8. Mevzuatın ilgili taraflarının beklentileri esnek ama eşit bir şekilde ele alınmalıdır. Mevzuatta çiftçinin, üreticinin yeri, STK'ların yerinden daha belirgin olmalıdır.

9. Mevzuatın uygulayıcıları, mevzuatı nasıl kullanmak istiyorlarsa, öyle yorumlamalarına izin vermeyecek şekilde dizayn edilmelidir.

10. Üye olduğumuz uluslar arası organizasyonlarda alınan kararlar mevzuatımızı da etkilemektedir. Dolayısıyla bu organizasyonlarda alınan kararlarda etkin rol almak zorundayız.

11. Arazide çalışan personelle, büroda çalışan personelin mevzuatı yeniden düzenlenmelidir. Sonuçta üretim arazide gerçekleşmektedir.

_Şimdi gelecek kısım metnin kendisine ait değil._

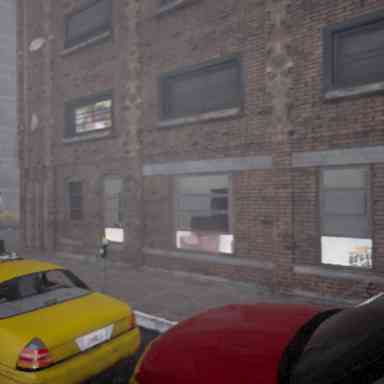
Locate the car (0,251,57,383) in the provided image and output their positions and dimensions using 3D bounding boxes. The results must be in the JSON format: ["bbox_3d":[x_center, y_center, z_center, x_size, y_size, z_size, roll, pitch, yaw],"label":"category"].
[{"bbox_3d":[-2.933,1.580,4.972,4.829,1.417,1.752,-1,-1,36],"label":"car"}]

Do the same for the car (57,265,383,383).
[{"bbox_3d":[1.828,1.308,1.573,5.009,1.841,2.192,-1,-1,36],"label":"car"}]

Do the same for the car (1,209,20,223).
[{"bbox_3d":[-18.652,2.186,30.881,1.752,1.417,4.829,-2,-2,35],"label":"car"}]
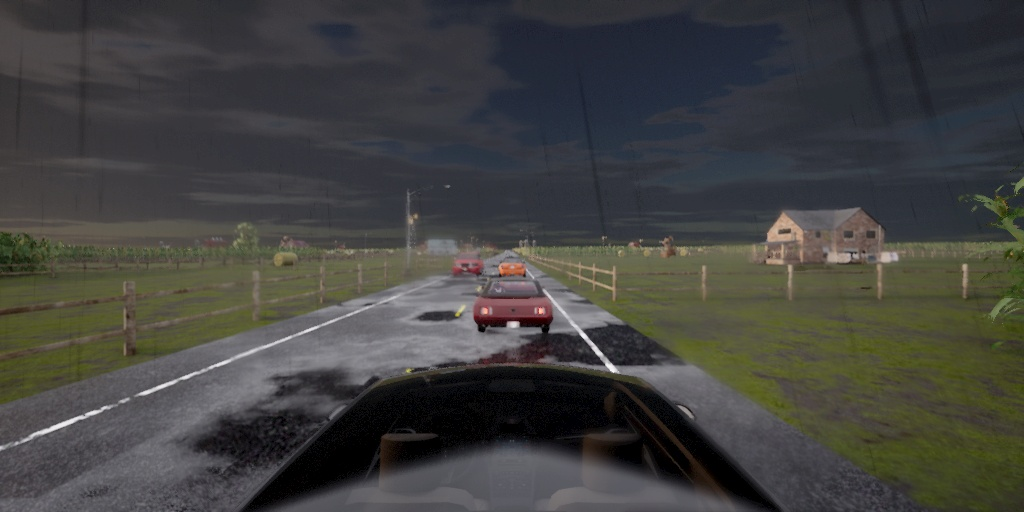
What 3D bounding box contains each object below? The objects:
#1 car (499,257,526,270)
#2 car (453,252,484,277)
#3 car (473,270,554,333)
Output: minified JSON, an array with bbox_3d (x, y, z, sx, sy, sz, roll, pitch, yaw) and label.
[{"bbox_3d":[0.030,0.824,29.206,2.097,1.767,4.553,0,1,0],"label":"car"},{"bbox_3d":[-3.647,0.677,30.791,2.150,2.045,5.566,0,1,0],"label":"car"},{"bbox_3d":[0.047,1.266,10.440,1.895,1.301,4.718,0,1,0],"label":"car"}]
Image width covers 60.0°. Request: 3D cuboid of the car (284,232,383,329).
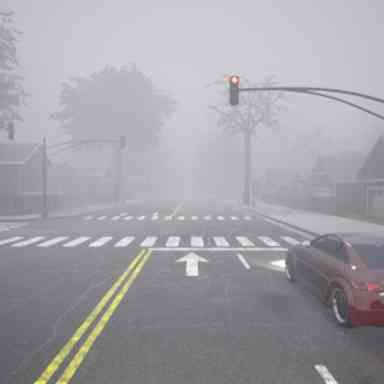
[{"bbox_3d":[3.341,1.505,6.845,1.994,1.385,4.181,0,0,0],"label":"car"}]
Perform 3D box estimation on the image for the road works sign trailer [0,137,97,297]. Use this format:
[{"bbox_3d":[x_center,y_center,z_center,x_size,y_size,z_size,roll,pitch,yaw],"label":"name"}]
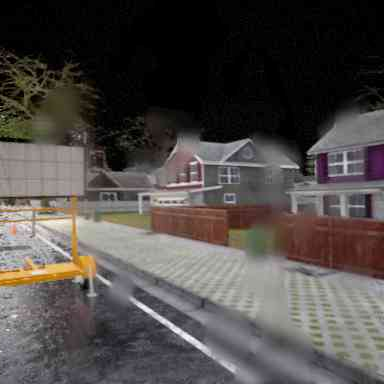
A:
[{"bbox_3d":[-3.820,0.543,8.017,2.380,3.560,2.880,-1,0,-33],"label":"road works sign trailer"}]
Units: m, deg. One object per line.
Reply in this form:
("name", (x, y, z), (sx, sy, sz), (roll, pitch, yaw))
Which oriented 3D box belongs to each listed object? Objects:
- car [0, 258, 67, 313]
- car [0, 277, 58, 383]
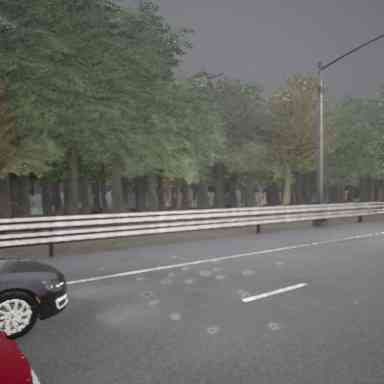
("car", (-4.429, 1.511, 4.885), (4.892, 1.490, 1.837), (0, 0, -36))
("car", (-3.177, 1.614, 1.477), (4.718, 1.301, 1.895), (-1, 0, -36))
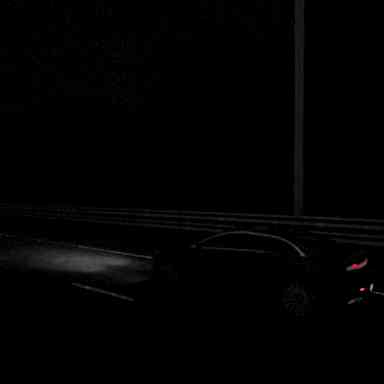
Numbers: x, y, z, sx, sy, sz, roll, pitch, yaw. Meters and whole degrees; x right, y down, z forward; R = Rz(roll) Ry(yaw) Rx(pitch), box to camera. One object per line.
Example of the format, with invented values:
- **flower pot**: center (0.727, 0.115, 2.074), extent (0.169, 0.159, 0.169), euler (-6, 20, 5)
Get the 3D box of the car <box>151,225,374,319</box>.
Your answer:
- **car**: center (1.257, 1.485, 7.397), extent (4.902, 1.511, 2.128), euler (0, 0, 36)
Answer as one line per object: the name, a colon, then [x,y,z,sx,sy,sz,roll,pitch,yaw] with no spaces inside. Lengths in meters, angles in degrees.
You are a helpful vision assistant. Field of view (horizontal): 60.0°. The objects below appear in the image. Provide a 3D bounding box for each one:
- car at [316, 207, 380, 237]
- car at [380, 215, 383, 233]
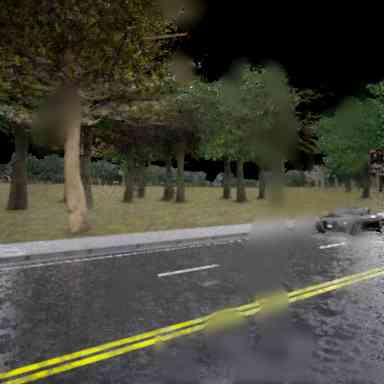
car: [8.479,1.498,17.716,4.181,1.385,1.994,0,0,-35]
car: [10.915,1.495,15.461,4.181,1.385,1.994,0,0,-35]
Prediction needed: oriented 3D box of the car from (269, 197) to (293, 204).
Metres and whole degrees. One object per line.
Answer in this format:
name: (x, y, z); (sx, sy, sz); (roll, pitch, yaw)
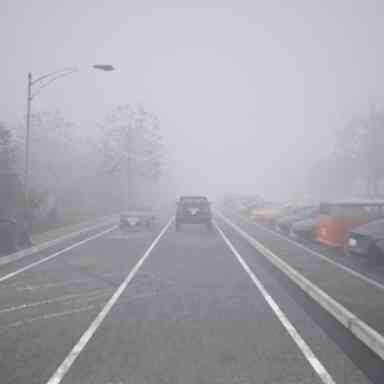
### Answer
car: (20.254, 2.009, 76.007); (4.892, 1.521, 2.231); (0, -1, 0)

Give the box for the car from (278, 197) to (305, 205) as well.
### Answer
car: (20.229, 1.863, 67.822); (5.008, 1.535, 2.097); (0, -1, 0)

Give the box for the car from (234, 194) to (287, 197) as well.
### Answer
car: (7.016, 1.391, 34.640); (4.553, 1.767, 2.185); (0, 0, 0)

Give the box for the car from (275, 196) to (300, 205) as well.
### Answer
car: (20.211, 1.784, 70.470); (4.553, 1.767, 2.185); (0, -1, 0)

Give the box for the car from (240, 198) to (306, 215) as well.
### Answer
car: (7.023, 1.509, 29.088); (4.892, 1.521, 2.231); (0, 0, 0)

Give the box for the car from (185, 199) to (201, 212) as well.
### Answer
car: (0.119, 1.621, 41.190); (1.994, 1.385, 4.181); (0, 0, 0)

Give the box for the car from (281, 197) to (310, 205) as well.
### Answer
car: (20.220, 1.812, 64.927); (5.008, 1.535, 2.097); (0, -1, 0)

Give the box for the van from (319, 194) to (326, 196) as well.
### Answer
van: (20.279, 1.305, 45.558); (4.442, 1.987, 1.878); (0, 0, 0)

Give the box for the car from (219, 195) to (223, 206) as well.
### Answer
car: (7.120, 1.288, 48.521); (5.566, 2.045, 2.435); (0, 0, 0)

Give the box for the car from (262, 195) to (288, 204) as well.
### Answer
car: (20.306, 1.862, 81.547); (5.566, 2.045, 2.435); (0, -1, 0)

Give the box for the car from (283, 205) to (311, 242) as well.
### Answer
car: (6.956, 1.515, 15.207); (4.792, 1.488, 2.163); (0, 0, 0)

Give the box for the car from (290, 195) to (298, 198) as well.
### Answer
car: (20.013, 1.662, 56.617); (5.366, 1.575, 1.946); (0, -1, 0)

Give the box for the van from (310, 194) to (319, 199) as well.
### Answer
van: (20.055, 1.310, 48.462); (4.442, 1.987, 1.878); (0, -1, 0)

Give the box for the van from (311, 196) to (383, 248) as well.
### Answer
van: (7.092, 1.255, 12.431); (4.442, 1.987, 1.878); (0, 0, 0)

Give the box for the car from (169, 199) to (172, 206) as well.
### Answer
car: (-3.206, 1.867, 63.355); (1.994, 1.385, 4.181); (0, -1, 1)

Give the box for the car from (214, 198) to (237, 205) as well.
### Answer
car: (7.166, 1.957, 70.707); (4.674, 1.452, 2.002); (0, -1, 0)

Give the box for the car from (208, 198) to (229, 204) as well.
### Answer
car: (7.032, 2.258, 87.346); (5.366, 1.575, 1.946); (0, -1, 0)

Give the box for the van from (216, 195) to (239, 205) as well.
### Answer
van: (7.271, 1.642, 67.935); (4.442, 1.987, 1.878); (0, -1, 0)

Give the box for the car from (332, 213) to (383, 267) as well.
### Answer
car: (6.996, 1.506, 9.654); (4.792, 1.488, 2.163); (0, 0, 0)

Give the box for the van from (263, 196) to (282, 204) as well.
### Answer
van: (20.405, 1.956, 84.437); (4.442, 1.987, 1.878); (0, -1, 0)

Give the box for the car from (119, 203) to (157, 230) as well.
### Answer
car: (-3.359, 1.489, 21.275); (2.128, 1.511, 4.902); (0, 0, 0)

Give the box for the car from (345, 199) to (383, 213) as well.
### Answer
car: (20.130, 1.517, 37.248); (5.008, 1.535, 2.097); (0, 0, 0)

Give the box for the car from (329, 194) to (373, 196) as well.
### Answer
car: (20.116, 1.271, 40.143); (5.566, 2.045, 2.435); (0, 0, 0)

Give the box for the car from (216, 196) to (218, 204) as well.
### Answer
car: (7.151, 1.819, 65.156); (5.008, 1.535, 2.097); (0, -1, 0)

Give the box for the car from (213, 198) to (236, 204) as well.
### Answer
car: (7.202, 1.996, 73.482); (4.792, 1.488, 2.163); (0, -1, 0)

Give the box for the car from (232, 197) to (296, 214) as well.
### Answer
car: (6.853, 1.509, 31.864); (5.366, 1.575, 1.946); (0, 0, 0)

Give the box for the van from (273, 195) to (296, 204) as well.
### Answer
van: (20.368, 1.733, 73.240); (4.442, 1.987, 1.878); (0, -1, 0)

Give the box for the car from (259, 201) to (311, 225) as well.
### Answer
car: (6.973, 1.524, 20.759); (4.792, 1.488, 2.163); (0, 0, 0)

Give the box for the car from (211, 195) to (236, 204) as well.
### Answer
car: (7.153, 1.764, 76.263); (5.566, 2.045, 2.435); (0, -1, 0)

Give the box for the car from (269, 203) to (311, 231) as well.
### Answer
car: (6.964, 1.519, 17.983); (4.792, 1.488, 2.163); (0, 0, 0)

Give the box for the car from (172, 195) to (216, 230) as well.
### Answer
car: (0.091, 1.219, 21.102); (2.150, 2.045, 5.566); (0, 0, 0)

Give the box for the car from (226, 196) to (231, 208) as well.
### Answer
car: (7.060, 1.525, 40.192); (5.008, 1.535, 2.097); (0, 0, 0)

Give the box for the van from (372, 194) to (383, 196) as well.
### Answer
van: (20.235, 1.283, 31.833); (4.442, 1.987, 1.878); (0, 0, 0)

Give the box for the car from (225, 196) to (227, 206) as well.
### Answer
car: (7.077, 1.570, 42.968); (4.674, 1.452, 2.002); (0, 0, 0)

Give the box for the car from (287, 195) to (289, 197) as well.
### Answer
car: (20.210, 1.764, 62.157); (4.892, 1.521, 2.231); (0, -1, 0)

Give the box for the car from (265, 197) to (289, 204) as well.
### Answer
car: (20.084, 2.056, 78.774); (5.366, 1.575, 1.946); (0, -1, 0)

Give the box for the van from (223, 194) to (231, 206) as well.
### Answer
van: (6.966, 1.309, 45.745); (4.442, 1.987, 1.878); (0, 0, 0)

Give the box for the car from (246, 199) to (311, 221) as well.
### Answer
car: (6.826, 1.496, 23.536); (5.366, 1.575, 1.946); (0, 0, 0)

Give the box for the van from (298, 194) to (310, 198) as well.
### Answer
van: (20.072, 1.390, 53.853); (4.442, 1.987, 1.878); (0, -1, 0)

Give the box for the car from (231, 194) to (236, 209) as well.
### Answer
car: (7.025, 1.396, 37.416); (4.553, 1.767, 2.185); (0, 0, 0)

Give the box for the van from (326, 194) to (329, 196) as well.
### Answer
van: (20.271, 1.301, 42.913); (4.442, 1.987, 1.878); (0, 0, 0)

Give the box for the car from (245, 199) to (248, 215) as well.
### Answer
car: (7.027, 1.504, 26.311); (4.892, 1.521, 2.231); (0, 0, 0)

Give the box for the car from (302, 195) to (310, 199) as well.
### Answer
car: (20.185, 1.566, 51.079); (5.008, 1.535, 2.097); (0, -1, 0)
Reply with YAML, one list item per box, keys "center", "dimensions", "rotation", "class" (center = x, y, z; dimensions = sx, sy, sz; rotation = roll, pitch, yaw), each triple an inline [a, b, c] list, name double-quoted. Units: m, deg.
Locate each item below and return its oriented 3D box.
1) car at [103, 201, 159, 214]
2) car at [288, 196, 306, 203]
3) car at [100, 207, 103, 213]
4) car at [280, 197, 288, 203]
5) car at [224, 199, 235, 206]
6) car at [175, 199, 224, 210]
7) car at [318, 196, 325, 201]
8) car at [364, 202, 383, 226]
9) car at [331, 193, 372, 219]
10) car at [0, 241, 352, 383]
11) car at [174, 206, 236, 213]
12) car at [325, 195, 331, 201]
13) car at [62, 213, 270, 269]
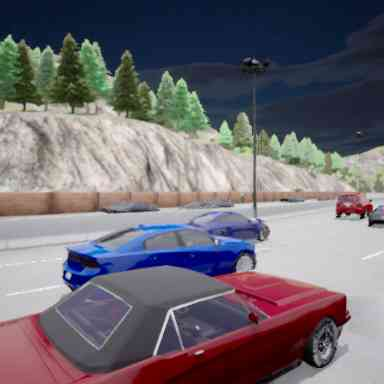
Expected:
- center: [-5.604, 1.641, 32.417]
  dimensions: [2.033, 1.411, 5.357]
  rotation: [0, 0, 40]
  class: "car"
- center: [21.674, 1.580, 67.575]
  dimensions: [1.994, 1.385, 4.181]
  rotation: [0, 0, 38]
  class: "car"
- center: [-7.248, 1.656, 35.930]
  dimensions: [2.033, 1.411, 5.357]
  rotation: [0, 0, 39]
  class: "car"
- center: [20.744, 1.636, 72.111]
  dimensions: [1.895, 1.301, 4.718]
  rotation: [0, 0, 38]
  class: "car"
- center: [3.068, 1.566, 37.763]
  dimensions: [1.837, 1.490, 4.892]
  rotation: [0, 0, 38]
  class: "car"
- center: [0.388, 1.562, 28.746]
  dimensions: [1.837, 1.490, 4.892]
  rotation: [0, 0, 40]
  class: "car"
- center: [27.921, 1.552, 69.963]
  dimensions: [1.994, 1.385, 4.181]
  rotation: [0, 0, 38]
  class: "car"
- center: [13.199, 1.544, 22.193]
  dimensions: [1.994, 1.385, 4.181]
  rotation: [0, 0, 39]
  class: "car"
- center: [14.282, 1.210, 29.104]
  dimensions: [2.150, 2.045, 5.566]
  rotation: [0, 0, 38]
  class: "car"
- center: [-0.069, 1.611, 3.992]
  dimensions: [4.718, 1.301, 1.895]
  rotation: [0, 0, -38]
  class: "car"
- center: [1.459, 1.549, 14.468]
  dimensions: [4.674, 1.442, 1.812]
  rotation: [0, 0, -42]
  class: "car"
- center: [28.221, 1.215, 64.610]
  dimensions: [2.150, 2.045, 5.566]
  rotation: [0, 0, 38]
  class: "car"
- center: [-0.508, 1.498, 8.125]
  dimensions: [5.008, 1.535, 1.882]
  rotation: [0, 0, -38]
  class: "car"
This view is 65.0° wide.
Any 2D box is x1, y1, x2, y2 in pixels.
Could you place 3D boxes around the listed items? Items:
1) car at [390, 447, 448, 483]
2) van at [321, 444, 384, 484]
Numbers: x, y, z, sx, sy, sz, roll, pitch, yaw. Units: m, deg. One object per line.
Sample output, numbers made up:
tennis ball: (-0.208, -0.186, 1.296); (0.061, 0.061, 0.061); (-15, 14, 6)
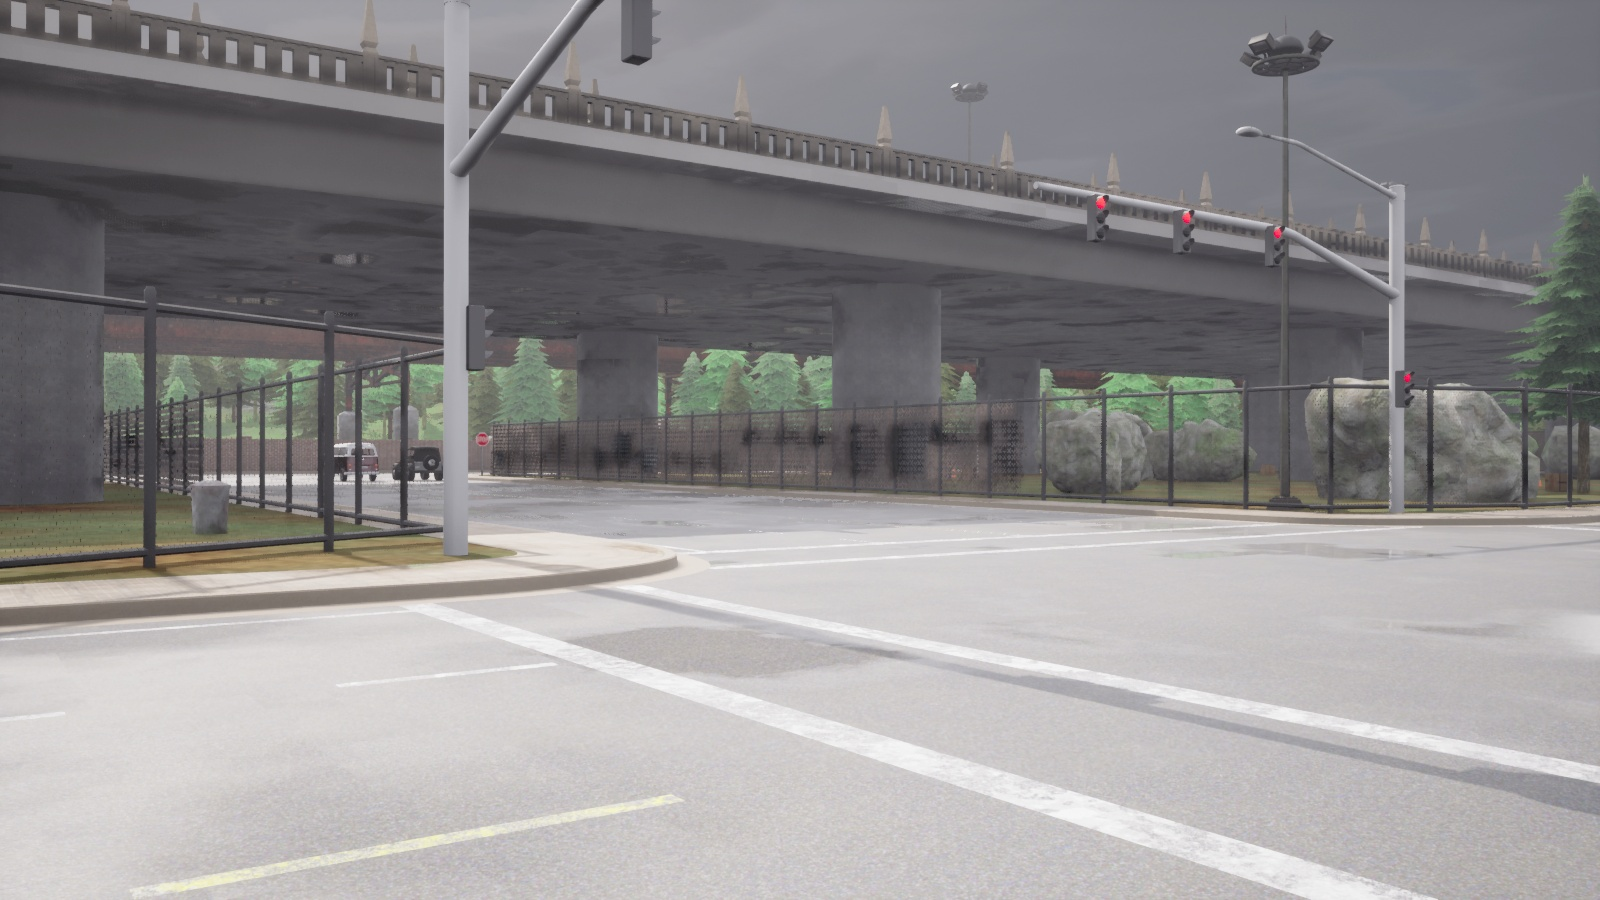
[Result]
car: (-20.874, 0.809, 68.727); (1.905, 1.878, 3.866); (0, 0, -35)
van: (-23.884, 0.738, 66.922); (2.069, 2.038, 4.480); (0, 0, -35)

"Mevzuat böyle" sözü, her an, her yerde karşımıza çıkabilir. Çıksın da. Ancak doğru yerde doğru bir kararla çıksın. İşimizi zorlaştırmasın, kolaylaştırsın. İşgüzarlara fırsat vermesin.

İnsan olarak; İnsanlar mı mevzuatı yönetiyor? Mevzuat mı insanları yönetiyor? Diye bir soruda sorabilirsiniz. Ama sonuçta buna cevap verecek olanda insandır!